Zhou, J. J. and Zhou, H.(2015) Powerful Exact Variance Component Tests for the Small Sample Next Generation Sequencing Studies (eVCTest), in submission.

Examples

library(GUniFrac)

data(throat.tree)
data(throat.otu.tab)
data(throat.meta)

unifracs = GUniFrac(throat.otu.tab, throat.tree, alpha = c(1))$unifracs
if (requireNamespace("vegan")) {
 library(vegan)
 BC= as.matrix(vegdist(throat.otu.tab, method="bray"))
 Ds = list(w = unifracs[,,"d_1"], uw = unifracs[,,"d_UW"], BC = BC)
} else {
 Ds = list(w = unifracs[,,"d_1"], uw = unifracs[,,"d_UW"])
}
Ks = lapply(Ds, FUN = function(d) D2K(d))

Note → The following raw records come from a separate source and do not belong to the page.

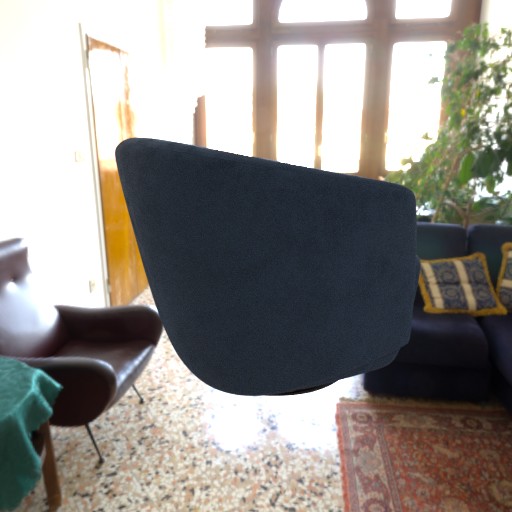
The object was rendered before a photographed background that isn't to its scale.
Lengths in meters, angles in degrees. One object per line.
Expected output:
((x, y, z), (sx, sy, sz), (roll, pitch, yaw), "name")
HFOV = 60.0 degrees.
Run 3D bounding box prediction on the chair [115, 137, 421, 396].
((0.000, 0.000, 1.354), (0.767, 0.698, 0.773), (-8, 16, -27), "chair")
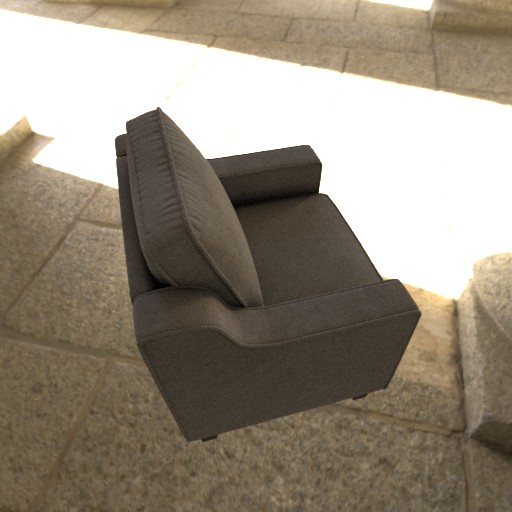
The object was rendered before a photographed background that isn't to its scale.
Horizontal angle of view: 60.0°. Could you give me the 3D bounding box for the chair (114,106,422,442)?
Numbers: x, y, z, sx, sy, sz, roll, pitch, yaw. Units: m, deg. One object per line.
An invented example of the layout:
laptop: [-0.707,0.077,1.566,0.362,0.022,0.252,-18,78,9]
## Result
chair: [0.000,0.000,1.612,0.840,0.944,0.926,-11,47,-11]
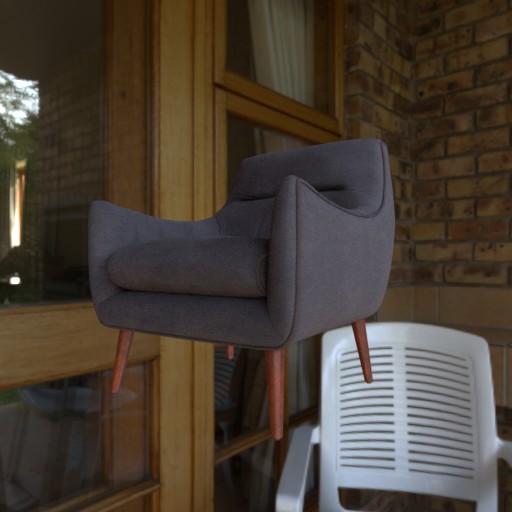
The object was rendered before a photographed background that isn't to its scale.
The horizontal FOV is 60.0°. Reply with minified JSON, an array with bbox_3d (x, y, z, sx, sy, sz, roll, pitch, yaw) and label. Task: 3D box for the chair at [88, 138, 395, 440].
[{"bbox_3d":[0.000,0.000,1.448,0.762,0.838,0.787,0,0,36],"label":"chair"}]
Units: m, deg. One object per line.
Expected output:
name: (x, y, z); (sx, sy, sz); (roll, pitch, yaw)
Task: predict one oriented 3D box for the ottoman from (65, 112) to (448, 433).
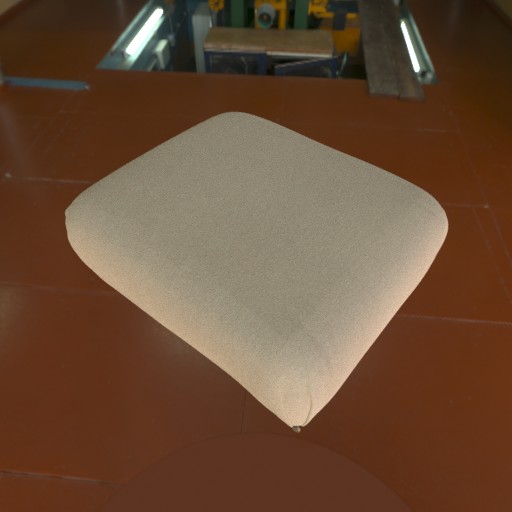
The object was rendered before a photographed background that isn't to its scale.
ottoman: (0.000, 0.000, 1.148); (0.746, 0.450, 0.639); (31, 54, 26)
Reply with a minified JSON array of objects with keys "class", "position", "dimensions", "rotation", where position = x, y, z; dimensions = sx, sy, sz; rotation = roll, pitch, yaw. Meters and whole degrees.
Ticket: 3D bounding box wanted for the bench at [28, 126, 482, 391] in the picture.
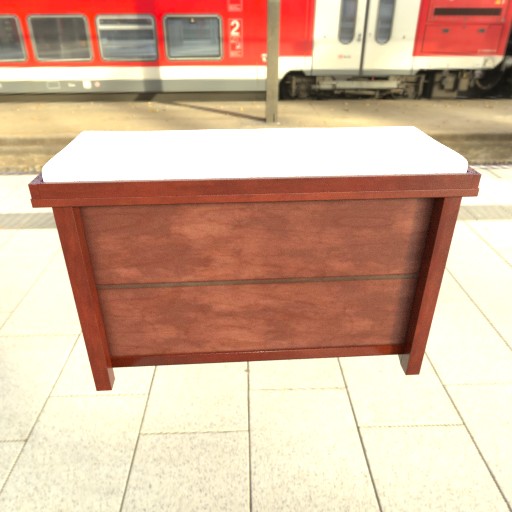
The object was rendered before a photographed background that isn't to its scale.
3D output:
[{"class":"bench","position":[0.000,0.000,1.259],"dimensions":[0.987,0.646,0.369],"rotation":[-2,29,-3]}]
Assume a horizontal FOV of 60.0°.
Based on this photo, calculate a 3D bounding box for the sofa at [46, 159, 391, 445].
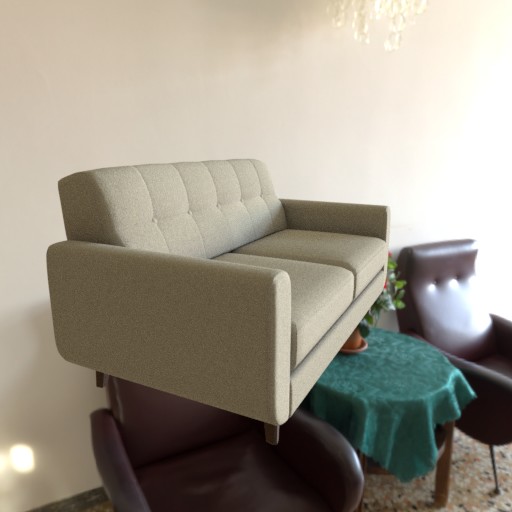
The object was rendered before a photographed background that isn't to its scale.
[{"bbox_3d":[0.000,0.000,2.150,0.980,0.892,1.655,7,16,26],"label":"sofa"}]
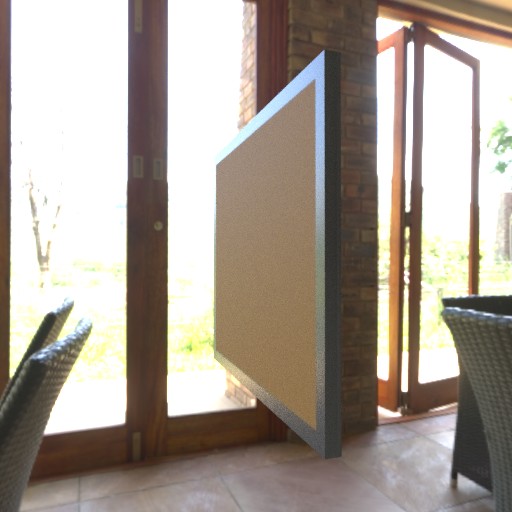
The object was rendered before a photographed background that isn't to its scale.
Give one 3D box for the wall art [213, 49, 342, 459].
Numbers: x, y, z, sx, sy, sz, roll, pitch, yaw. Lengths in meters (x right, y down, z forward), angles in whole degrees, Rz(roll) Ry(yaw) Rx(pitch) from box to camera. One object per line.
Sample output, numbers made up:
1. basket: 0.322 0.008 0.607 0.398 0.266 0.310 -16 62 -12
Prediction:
1. wall art: 0.000 0.000 0.919 0.026 0.558 0.660 0 -1 -19
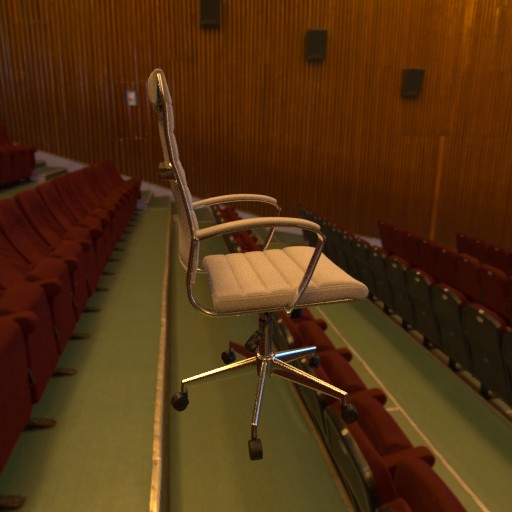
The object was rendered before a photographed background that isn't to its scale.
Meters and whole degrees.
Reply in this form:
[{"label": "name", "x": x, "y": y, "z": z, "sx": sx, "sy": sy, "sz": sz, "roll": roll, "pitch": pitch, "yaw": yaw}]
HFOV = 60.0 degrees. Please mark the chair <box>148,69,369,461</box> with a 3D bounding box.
[{"label": "chair", "x": 0.000, "y": 0.000, "z": 1.555, "sx": 0.667, "sy": 1.149, "sz": 0.679, "roll": -3, "pitch": 15, "yaw": -10}]
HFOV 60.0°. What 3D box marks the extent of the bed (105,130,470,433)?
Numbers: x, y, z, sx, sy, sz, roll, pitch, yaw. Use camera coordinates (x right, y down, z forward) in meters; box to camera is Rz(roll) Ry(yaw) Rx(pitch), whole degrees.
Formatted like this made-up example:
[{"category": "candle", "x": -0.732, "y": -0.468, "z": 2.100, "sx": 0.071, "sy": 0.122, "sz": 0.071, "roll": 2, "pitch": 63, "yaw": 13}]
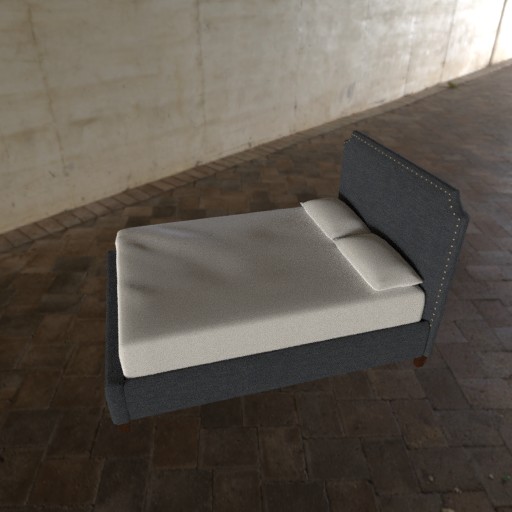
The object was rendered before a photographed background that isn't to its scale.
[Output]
[{"category": "bed", "x": 0.000, "y": 0.000, "z": 3.500, "sx": 2.372, "sy": 1.443, "sz": 1.713, "roll": -8, "pitch": 32, "yaw": -13}]
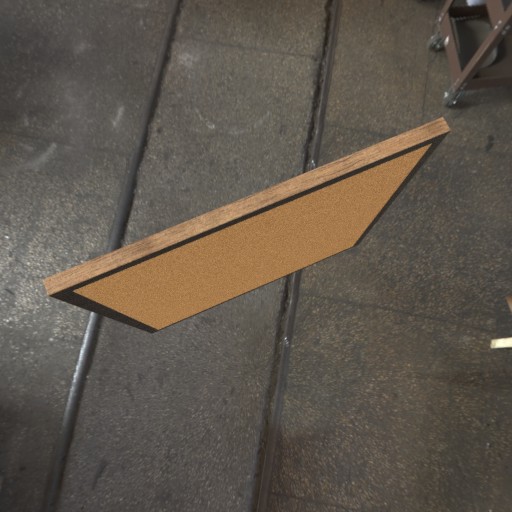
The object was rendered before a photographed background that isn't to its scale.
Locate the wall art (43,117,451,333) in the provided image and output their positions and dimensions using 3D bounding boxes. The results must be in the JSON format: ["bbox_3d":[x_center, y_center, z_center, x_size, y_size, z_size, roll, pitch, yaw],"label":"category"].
[{"bbox_3d":[0.000,0.000,1.039,0.695,0.691,0.029,-23,77,-6],"label":"wall art"}]
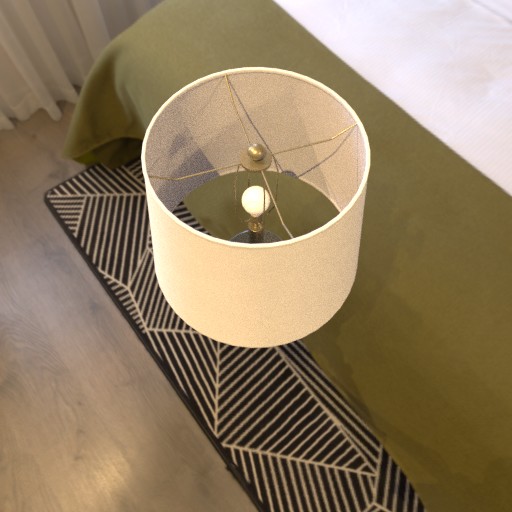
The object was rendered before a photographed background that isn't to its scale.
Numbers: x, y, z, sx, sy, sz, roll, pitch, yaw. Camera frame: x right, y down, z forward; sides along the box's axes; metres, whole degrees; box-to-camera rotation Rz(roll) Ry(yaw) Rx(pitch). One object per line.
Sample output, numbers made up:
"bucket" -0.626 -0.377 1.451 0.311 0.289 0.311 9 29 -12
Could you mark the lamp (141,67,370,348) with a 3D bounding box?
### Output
"lamp" 0.000 0.000 0.543 0.239 0.399 0.239 0 63 0
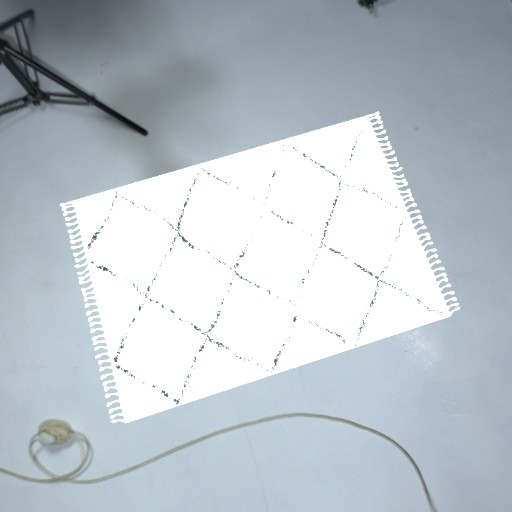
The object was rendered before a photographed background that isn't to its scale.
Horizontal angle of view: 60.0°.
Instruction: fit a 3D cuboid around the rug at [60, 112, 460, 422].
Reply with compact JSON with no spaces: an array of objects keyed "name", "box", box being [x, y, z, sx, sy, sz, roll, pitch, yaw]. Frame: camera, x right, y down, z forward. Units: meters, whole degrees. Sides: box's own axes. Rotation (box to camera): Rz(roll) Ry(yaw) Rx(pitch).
[{"name":"rug","box":[0.000,0.000,2.906,2.307,0.031,1.494,-17,77,-4]}]
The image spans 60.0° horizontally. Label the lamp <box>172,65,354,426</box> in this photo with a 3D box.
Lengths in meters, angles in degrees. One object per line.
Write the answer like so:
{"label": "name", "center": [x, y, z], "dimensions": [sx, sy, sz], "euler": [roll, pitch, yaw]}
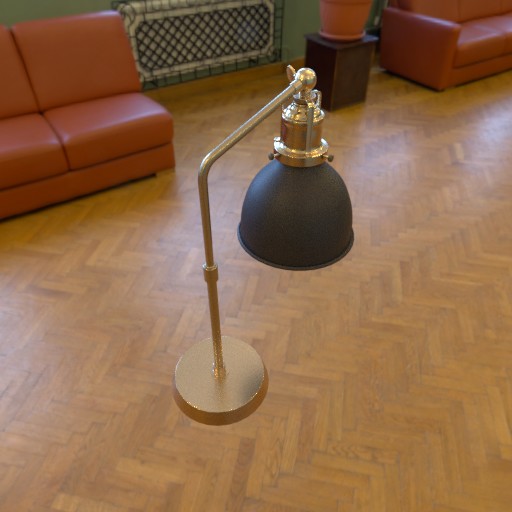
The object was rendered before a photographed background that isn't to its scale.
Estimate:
{"label": "lamp", "center": [0.000, 0.000, 0.587], "dimensions": [0.291, 0.456, 0.160], "euler": [-25, 46, -26]}
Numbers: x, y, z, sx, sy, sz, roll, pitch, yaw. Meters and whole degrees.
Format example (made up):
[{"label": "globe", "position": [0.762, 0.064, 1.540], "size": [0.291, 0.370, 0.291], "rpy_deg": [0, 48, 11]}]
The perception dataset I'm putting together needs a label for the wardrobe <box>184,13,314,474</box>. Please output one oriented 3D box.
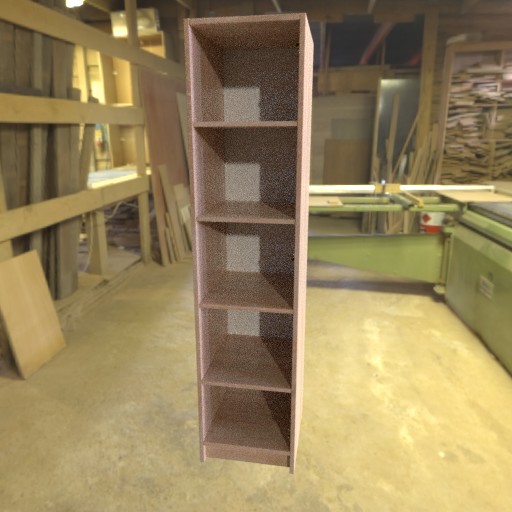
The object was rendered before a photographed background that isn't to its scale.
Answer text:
[{"label": "wardrobe", "position": [0.000, 0.000, 2.303], "size": [0.496, 2.117, 0.588], "rpy_deg": [3, 15, 10]}]
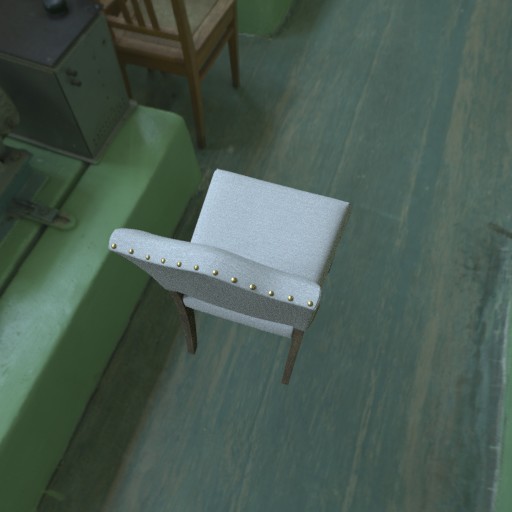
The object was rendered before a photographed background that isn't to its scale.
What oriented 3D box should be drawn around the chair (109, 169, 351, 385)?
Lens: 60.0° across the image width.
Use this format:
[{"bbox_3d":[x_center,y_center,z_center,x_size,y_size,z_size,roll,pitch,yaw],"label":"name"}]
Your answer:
[{"bbox_3d":[0.000,0.000,1.399,0.508,1.020,0.620,16,64,8],"label":"chair"}]

covar = cbind(throat.meta$Age, as.numeric(throat.meta$Sex == "Male"))

# Continuous phenotype
n = nrow(throat.meta)
y = rnorm(n)
MiRKAT(y, X = covar, Ks = Ks, out_type="C", method = "davies")

# Binary phenotype 
y = as.numeric(runif(n) < 0.5)
MiRKAT(y, X = covar, Ks = Ks, out_type="D")



MiRKAT documentation built on March 7, 2023, 5:55 p.m.